The fourth part is Mapping & Localization again: the robot has to go in another goal point of the map, which is in front of a second table.

The fifth part is Fine positioning to put the robot precisely near the second table. The sixth and last part is Pick & Place to put back the cube to the second table using a second robotic arm and a second fixed kinect.

As mentioned before, we have worked on pick and place. The arm that we used was a PhantomX Pincher robot. It was previously assembled and tested by the students from BSCV. We split our project into three parts:

  1. Kinect calibration: the calibration will help us to know the position of the camera in the 3D space, locating all the objects in the workspace and consequently giving the possibility to perform precise control of the robotic arm.

  2. Control of the robot arm: in a first time we will control the arm by controlling manually each joint of the arm. In a second time we will control the arm by planning a trajectory so that the arm will move to a goal position autonomously.
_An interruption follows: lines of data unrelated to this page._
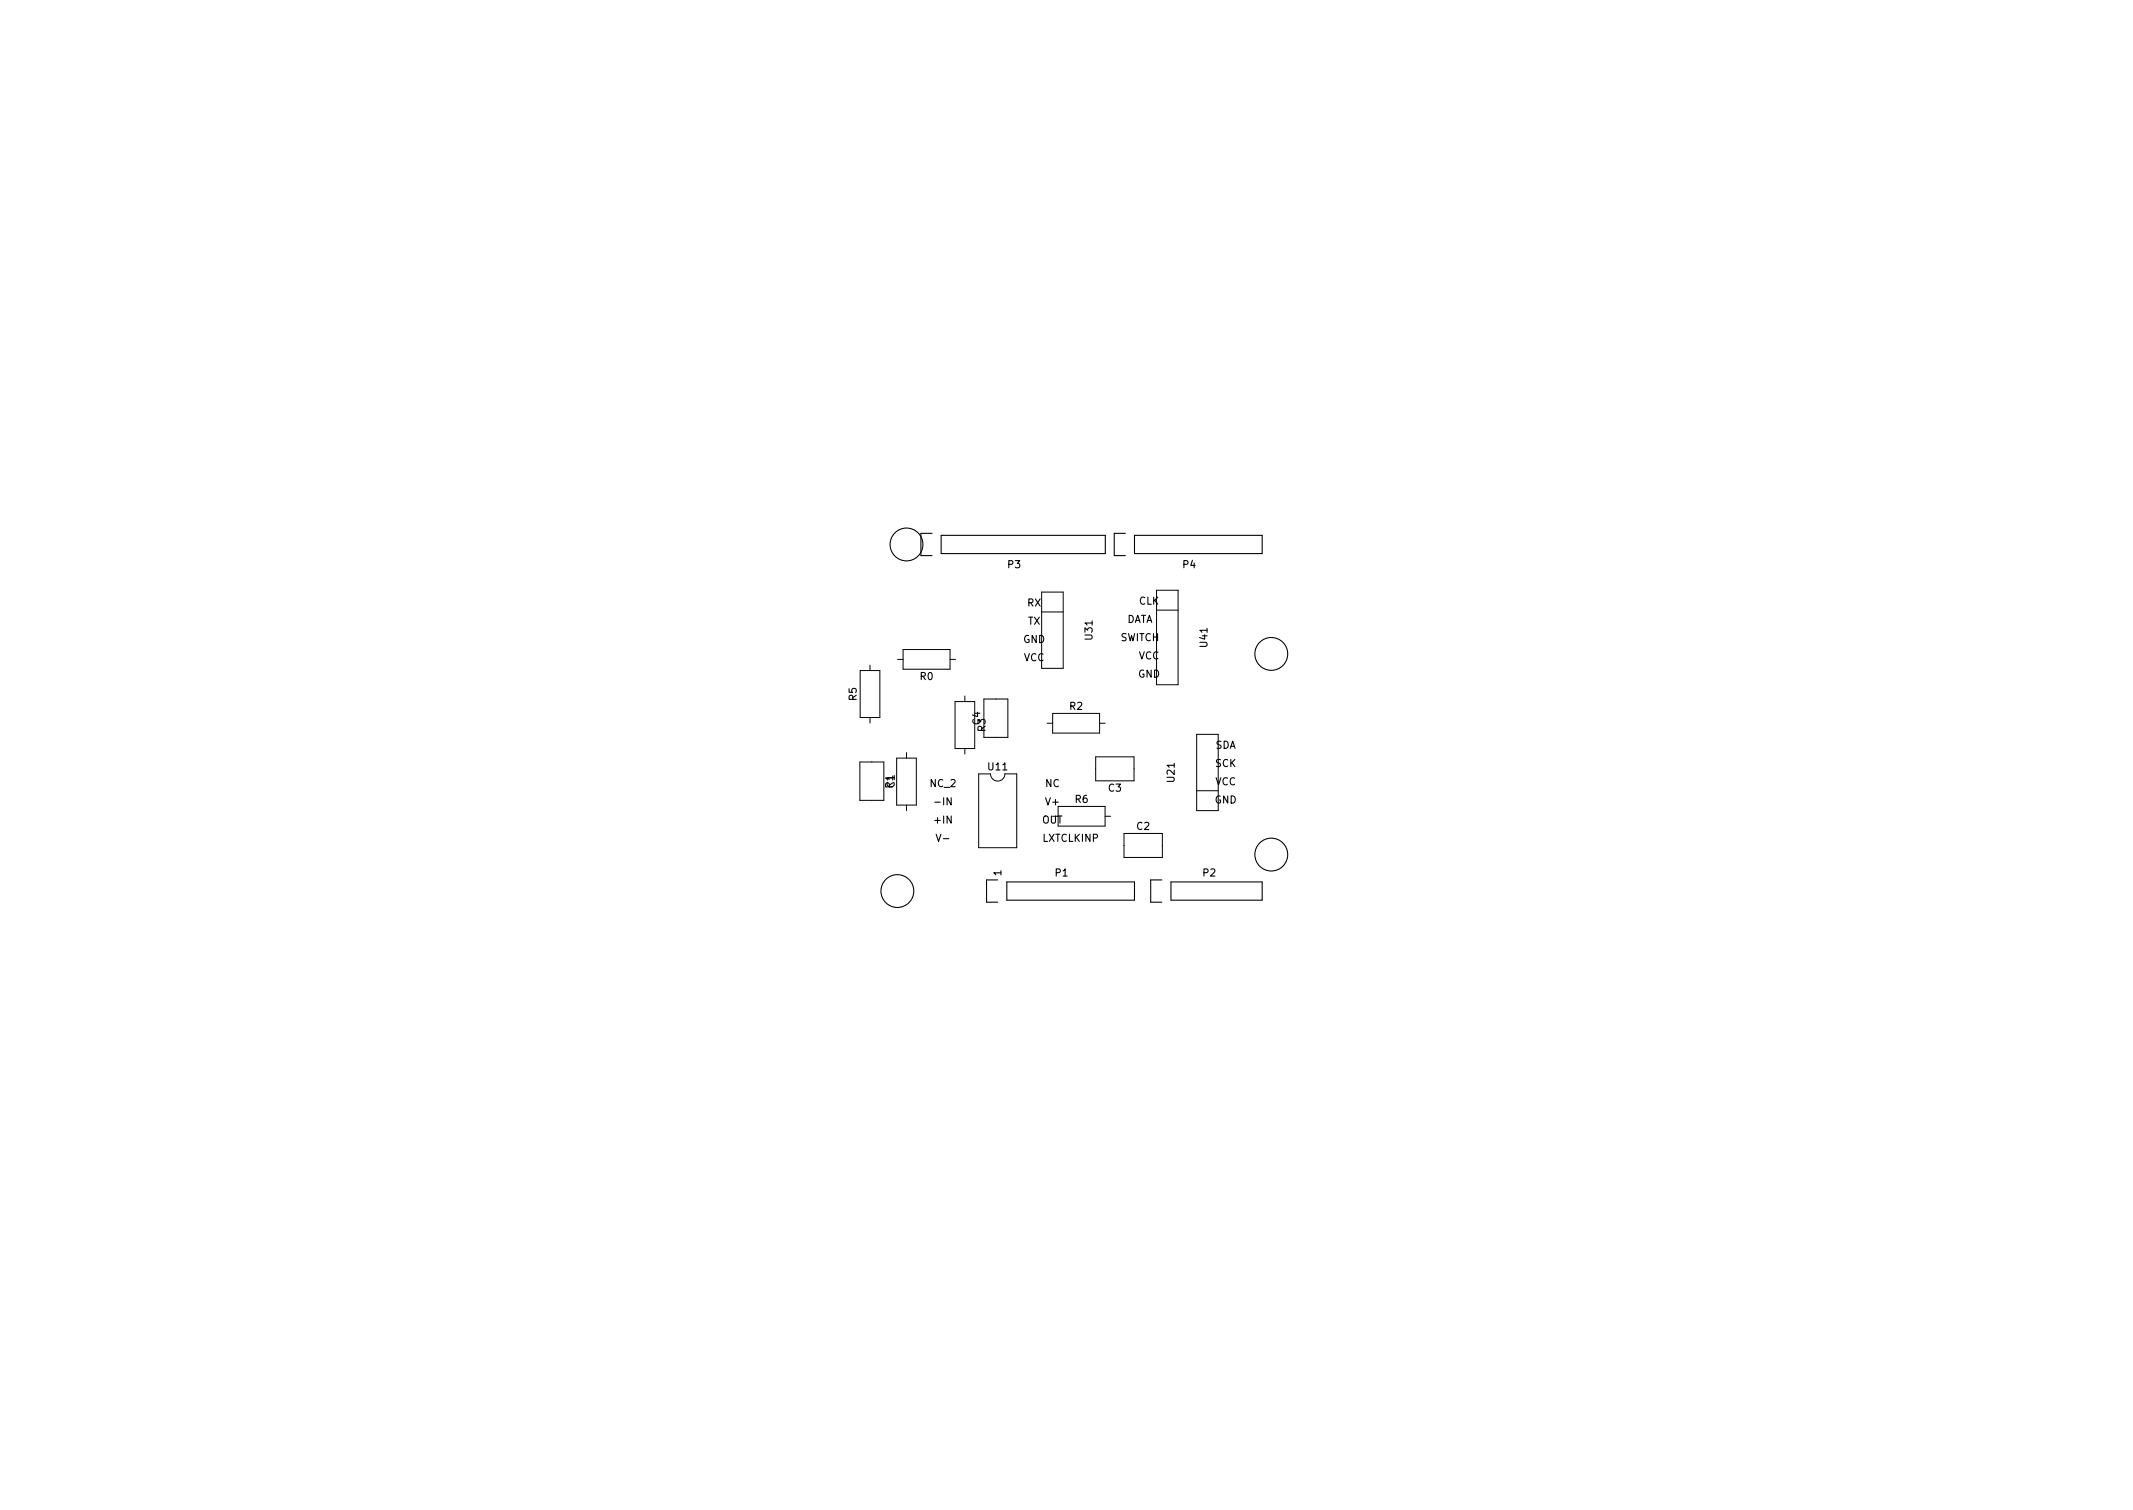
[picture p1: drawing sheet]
<svg xmlns="http://www.w3.org/2000/svg" width="297mm" height="210mm" viewBox="0 0 297 210" stroke-linecap="round" stroke-linejoin="round" font-family="sans-serif">
<defs><g id="words">
<g font-size="1.4">
<text x="140.4" y="79.1">P3</text>
<text x="164.8" y="79.1">P4</text>
<text x="142.5" y="89.5">GND</text>
<text x="143.1" y="84.4">RX</text>
<text x="143.1" y="87">TX</text>
<text x="152.1" y="89" transform="rotate(-90 152.1 89)">U31</text>
<text x="156" y="89.3">SWITCH</text>
<text x="156.8" y="86.7">DATA</text>
<text x="158.6" y="84.2">CLK</text>
<text x="128.1" y="94.7">R0</text>
<text x="142.5" y="92.1">VCC</text>
<text x="158.5" y="94.3">GND</text>
<text x="158.5" y="91.8">VCC</text>
<text x="168.1" y="90" transform="rotate(-90 168.1 90)">U41</text>
<text x="119.3" y="97.5" transform="rotate(-90 119.3 97.5)">R5</text>
<text x="136.5" y="100.9" transform="rotate(-90 136.5 100.9)">C4</text>
<text x="137.2" y="101.8" transform="rotate(-90 137.2 101.8)">R3</text>
<text x="149" y="98.8">R2</text>
<text x="137.7" y="107.3">U11</text>
<text x="169.2" y="106.8">SCK</text>
<text x="169.2" y="104.3">SDA</text>
<text x="124.4" y="109.7" transform="rotate(-90 124.4 109.7)">R1</text>
<text x="129.5" y="109.6">NC_2</text>
<text x="130.4" y="112.1">-IN</text>
<text x="145.6" y="109.6">NC</text>
<text x="145.7" y="112.1">V+</text>
<text x="149.7" y="111.8">R6</text>
<text x="154.4" y="110.2">C3</text>
<text x="163.6" y="108.8" transform="rotate(-90 163.6 108.8)">U21</text>
<text x="169.1" y="111.9">GND</text>
<text x="169.2" y="109.3">VCC</text>
<text x="130.2" y="114.7">+IN</text>
<text x="130.6" y="117.2">V-</text>
<text x="145.1" y="114.7">OUT</text>
<text x="145.2" y="117.2">LXTCLKINP</text>
<text x="158.3" y="115.6">C2</text>
<text x="139.4" y="121.9" transform="rotate(-90 139.4 121.9)">1</text>
<text x="147" y="122">P1</text>
<text x="167.6" y="122">P2</text>
</g>
</g></defs>
<g fill="none" stroke="#000" stroke-width=".14">
<path d="M119.8 93.4h2.7v6.5h-2.7zM121.2 92.6v.8M121.2 99.9v.8M125 91.8h.8M125.8 90.4h6.5v2.8h-6.5zM132.3 91.8h.8M133 97.7h2.7v6.5h-2.7zM134.4 96.9v.8M137 97.3h3.4v5.4h-3.4zM138.7 97.3h.1M145.1 82.4h3v10.7h-3zM145.1 85.2h3"/>
<path d="M146.6 99.3h6.5v2.8h-6.5zM161.1 82.2h3v13.1h-3zM161.1 85h3M119.7 106.1h3.4v5.3h-3.4zM121.4 106.1h.1M121.4 111.4v.1M124.9 105.6h2.7v6.5h-2.7zM126.2 104.8v.8M126.2 112.1v.8M134.4 104.2v.8M136.3 107.8h1.6a1 1 0 0 0 1 1 1 1 0 0 0 1-1h1.7v10.2h-5.3zM138.7 102.7h.1"/>
<path d="M145.8 100.7h.8M147.4 112.3h6.5v2.7h-6.5zM152.5 107.1h.1M152.6 105.4h5.3v3.3h-5.3zM153.1 100.7h.8M153.9 113.7h.8M156.5 117.7h.1M156.5 116.1h5.4v3.3h-5.4zM157.9 107.1h.1M161.9 117.7h.1M166.6 102.3h3v10.6h-3zM166.6 110.1h3"/>
</g>
<g fill="none" stroke="#000" stroke-width=".15">
<path d="M129.8 74.3h-1.6v3.1h1.6M131.1 74.5h22.8v2.6h-22.8zM156.7 74.3h-1.5v3.1h1.5M158 74.5h17.8v2.6h-17.8zM138.9 122.5h-1.5v3.1h1.5M140.2 122.8h17.8v2.5h-17.8zM161.8 122.5h-1.6v3.1h1.6M163.1 122.8h12.7v2.5h-12.7z"/>
<circle cx="126.2" cy="75.8" r="2.29"/>
<circle cx="177" cy="91.1" r="2.29"/>
<circle cx="177" cy="119" r="2.29"/>
<circle cx="125" cy="124.1" r="2.29"/>
</g>
<use href="#words"/>
</svg>

  3. Pick and place: we will detect the cube and plan a trajectory to pick and place it. This has to be completely autonomous and efficient.

2. ARM SETUP:

To perform the pick and place task we first setup our PincherX arm and the Kinect. As shown in figure 1, our Kinect is fixed to one corner of the table while the arm is positioned exactly opposite, along the diagonal.
(a) (b)
(c) (d)

Figure 1: Kinect and arm setup. (a) Left view (b) Front view (c) Right view (d) Top view

3. ARM CALIBRATION:

Arm calibration with reference to our task exclusively refers to getting the position of our arm base inside the Kinect camera frame. To do this we first place a checker board pattern of size 8x7 with each square of size 27mm on the table. We then run the launch file named calibrate.launch in the ROS terminal. This launch file contains the code to detect the checker board pattern and give an image (figure 2) which has four corner points labelled.

Figure 2: Labelled corner points

Once we have this image (figure 2) displayed on the screen, we place the pincher on each point, in order, one at a time and press enter. The placement of the pincher on these points is shown in the following figure.
(a) (b)
(c) (d)

Figure 3: Placement of pincher on four corner points. (a) Point 1 (b) Point 2 (c) Point 3 (d) Point 4

As soon as the pincher is placed on the last corner point (point 4), the position of the arm base with respect to the camera is published. A line similar to the one given below will be seen in the terminal which gives the calibration parameters.

rosrun tf static_transform_publisher 0.644927 -0.0369269 0.924532 -0.454811 -0.0169744 0.8893334 -0.0440946 /base_link/camera_link 100.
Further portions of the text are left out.